# Video Of Me Plowing With My ATV



## bigdoug (Nov 25, 2008)

I finally got around to uploading my video of me plowing 8" of snow with my ATV. It was the first snow of the year for us here in Ohio.

I am riding a Honda Rubicon with a 6' Moose County Plow.






We now have almost 3 feet of snow and the banks are 4 to 5 feet high and it is not even FEB/MARCH yet....lol

The biggest amount of snow I have moved (just a few days ago) was 12". It took 2 hours to plow about a half acre. I also played with the kids by pulling them around on a sled.

That's the perks of ATV plowing 

Doug


----------



## ALC-GregH (Nov 26, 2008)

Nice video. I noticed when you plow, your getting alot of "trash" as I call it dumping off the left side. You also pushed one way. Now I'm not telling you how to do it but I would have started in the middle and pushed it to one side, then turn around and while with the same angle, push the other half. Repeat and it would be done in just a few passes. Maybe you didn't want it near the house, I can understand that. I noticed it doesn't have power angle. I'm thinking it would make it much easier to plow the way you want without having to keep looping around. The kids don't look like they're having as much fun as you.


----------



## EaTmYtAiLpIpEs (Aug 23, 2007)

nice. were you plowing in low?


----------



## bigdoug (Nov 25, 2008)

ALC-GregH;736763 said:


> Nice video. I noticed when you plow, your getting alot of "trash" as I call it dumping off the left side. You also pushed one way. Now I'm not telling you how to do it but I would have started in the middle and pushed it to one side, then turn around and while with the same angle, push the other half. Repeat and it would be done in just a few passes. Maybe you didn't want it near the house, I can understand that. I noticed it doesn't have power angle. I'm thinking it would make it much easier to plow the way you want without having to keep looping around. The kids don't look like they're having as much fun as you.


Yeah, I was trying to keep it away from the front of the building. I wish I had the power angle just for that reason. But, I love doing donuts. I was really being good for the video. Normally I would be hot-doggen' it! 

Doug


----------



## bigdoug (Nov 25, 2008)

EaTmYtAiLpIpEs;736767 said:


> nice. were you plowing in low?


I was plowing in D2. Low is to slow. D1 is to fast.
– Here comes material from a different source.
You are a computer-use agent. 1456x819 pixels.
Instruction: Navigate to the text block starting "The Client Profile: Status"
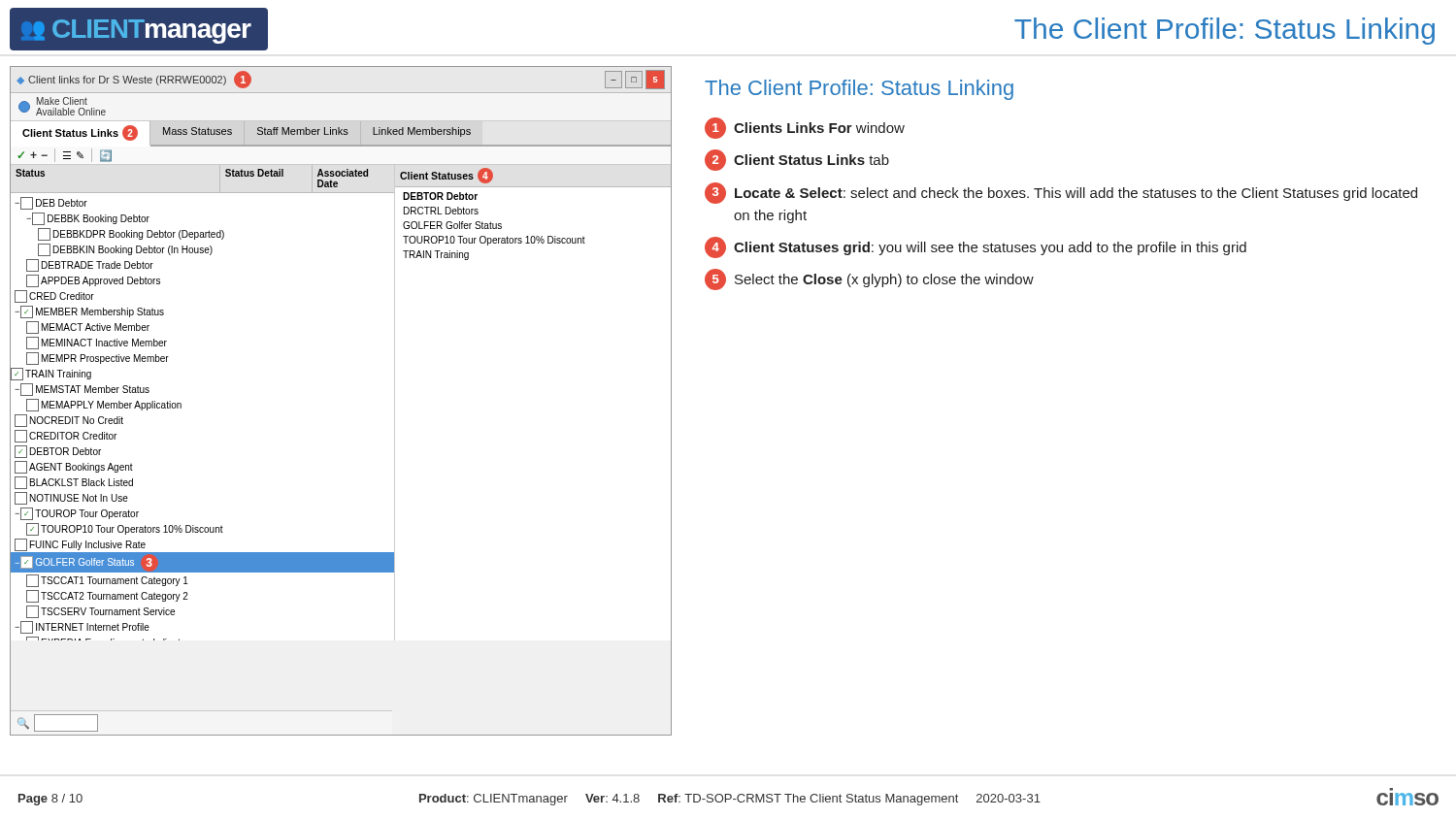[860, 88]
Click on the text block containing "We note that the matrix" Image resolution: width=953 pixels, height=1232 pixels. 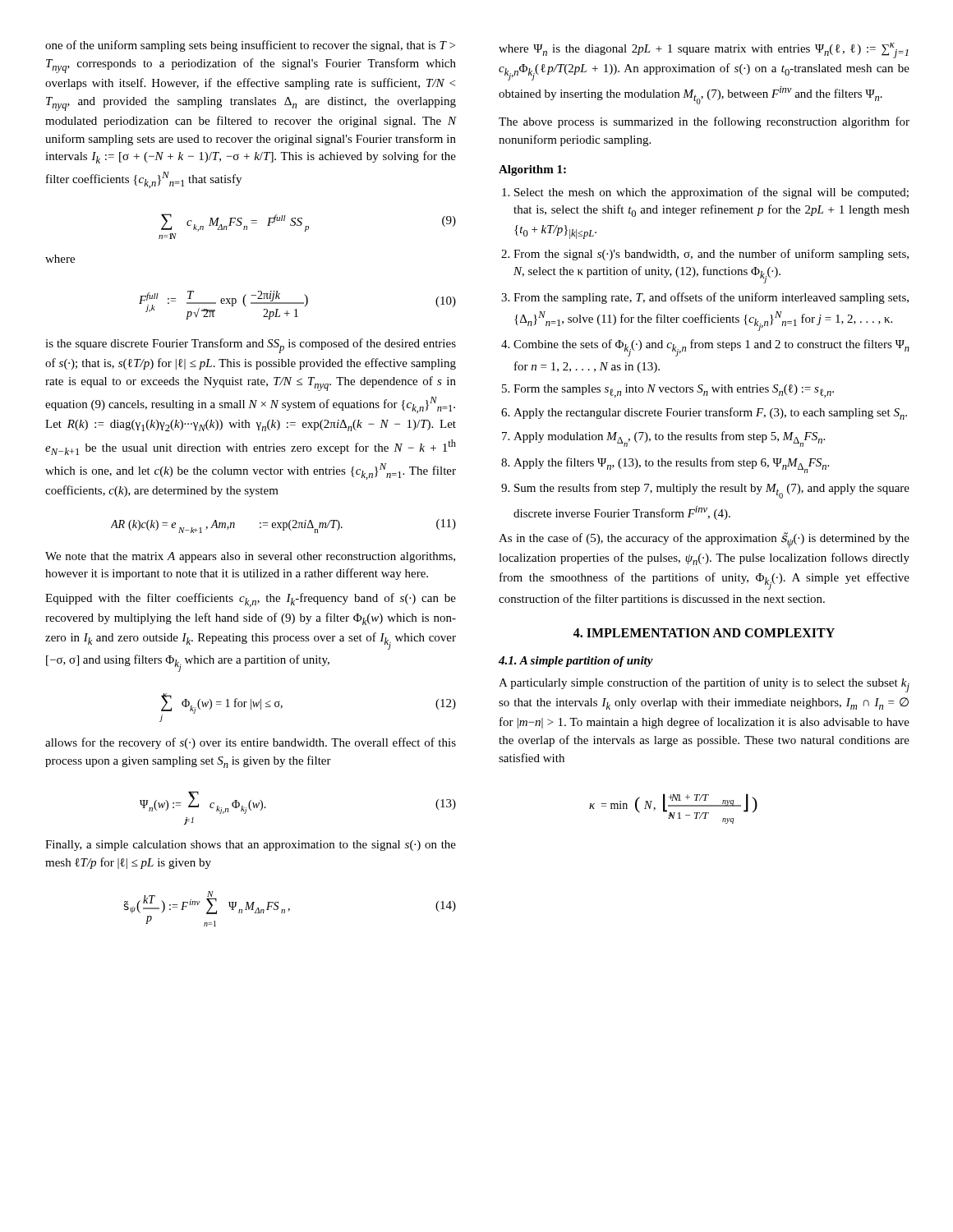(251, 610)
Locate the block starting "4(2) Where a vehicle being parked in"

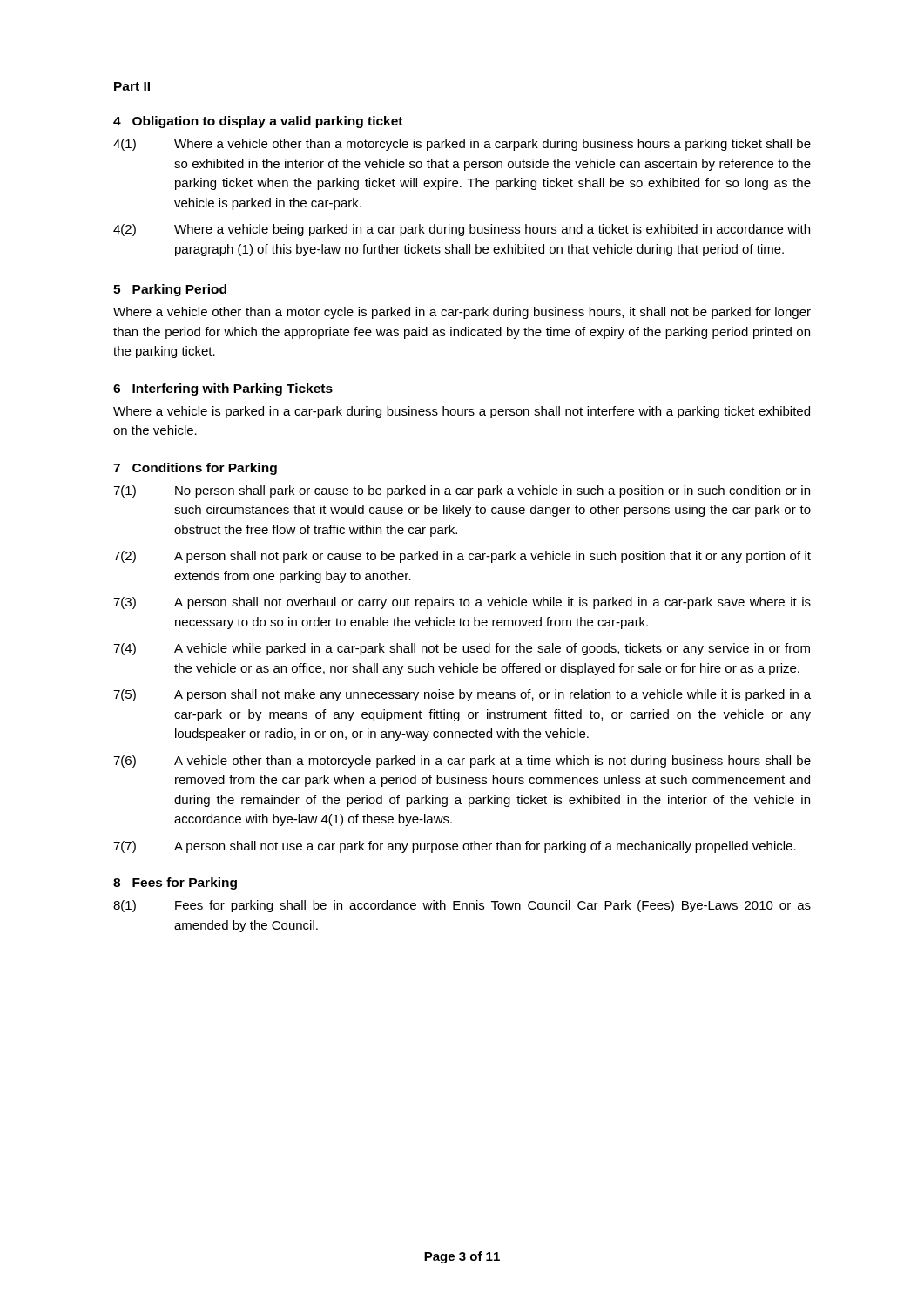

I could use the EMS but that is to much work...lol

Doug


----------



## bigdoug (Nov 25, 2008)

Here is a video of me pulling my Brother-in-law in the snow yesterday. You can see how deep the snow is now.











Doug


----------



## blk90s13 (Sep 1, 2005)

you guys are having way too much fun


I want a ATV for some yard work in the summer and maybe snow fun in the winter but dont wanna spend much money


----------



## IPLOWSNO (Oct 11, 2008)

big doug when the fun wears out and it will lol, youll learn to plow like a pro take 1/2 of that and push it like you were then, go close to your biz and push the other 1/2, youll know when why when you get alot of snow. and take smaller bites and youll be good to go keep practicin, and ride red buddy


----------



## kagey (Jan 24, 2009)

Nice! I like the person in the back shoveling....lol.


----------



## bigdoug (Nov 25, 2008)

IPLOWSNO;737676 said:


> big doug when the fun wears out and it will lol, youll learn to plow like a pro take 1/2 of that and push it like you were then, go close to your biz and push the other 1/2, youll know when why when you get alot of snow. and take smaller bites and youll be good to go keep practicin, and ride red buddy


After plowing 30 times this year, I am still having way to much fun. wesport

And I woke up to another 11/2 of snow this morning. More videos will come as I show the new split/spin/brake/trip/bump move. It looks like you will flip the bike over yet a ninja like save comes to the fore. xysport



Doug


----------



## ALC-GregH (Nov 26, 2008)

bigdoug;737958 said:


> After plowing 30 times this year, I am still having way to much fun. wesport
> 
> And I woke up to another 11/2 of snow this morning. More videos will come as I show the new split/spin/brake/trip/bump move. It looks like you will flip the bike over yet a ninja like save comes to the fore. xysport
> 
> ...


LOL, I'll be waiting for the link to click on.


----------



## IPLOWSNO (Oct 11, 2008)

bigdoug;737958 said:


> After plowing 30 times this year, I am still having way to much fun. wesport
> 
> And I woke up to another 11/2 of snow this morning. More videos will come as I show the new split/spin/brake/trip/bump move. It looks like you will flip the bike over yet a ninja like save comes to the fore. xysport
> 
> ...


lol how do you think i flipped mine, albeit its a little top heavy but when your plow is diggin into asphalt , and if you dont have the room for your ninja moves, you wont save it and youll be showin us your scratched up quad lol.been there done that lol post up the vids for sure .


----------



## bigdoug (Nov 25, 2008)

IPLOWSNO;738456 said:


> lol how do you think i flipped mine, albeit its a little top heavy but when your plow is diggin into asphalt , and if you dont have the room for your ninja moves, you wont save it and youll be showin us your scratched up quad lol.been there done that lol post up the vids for sure .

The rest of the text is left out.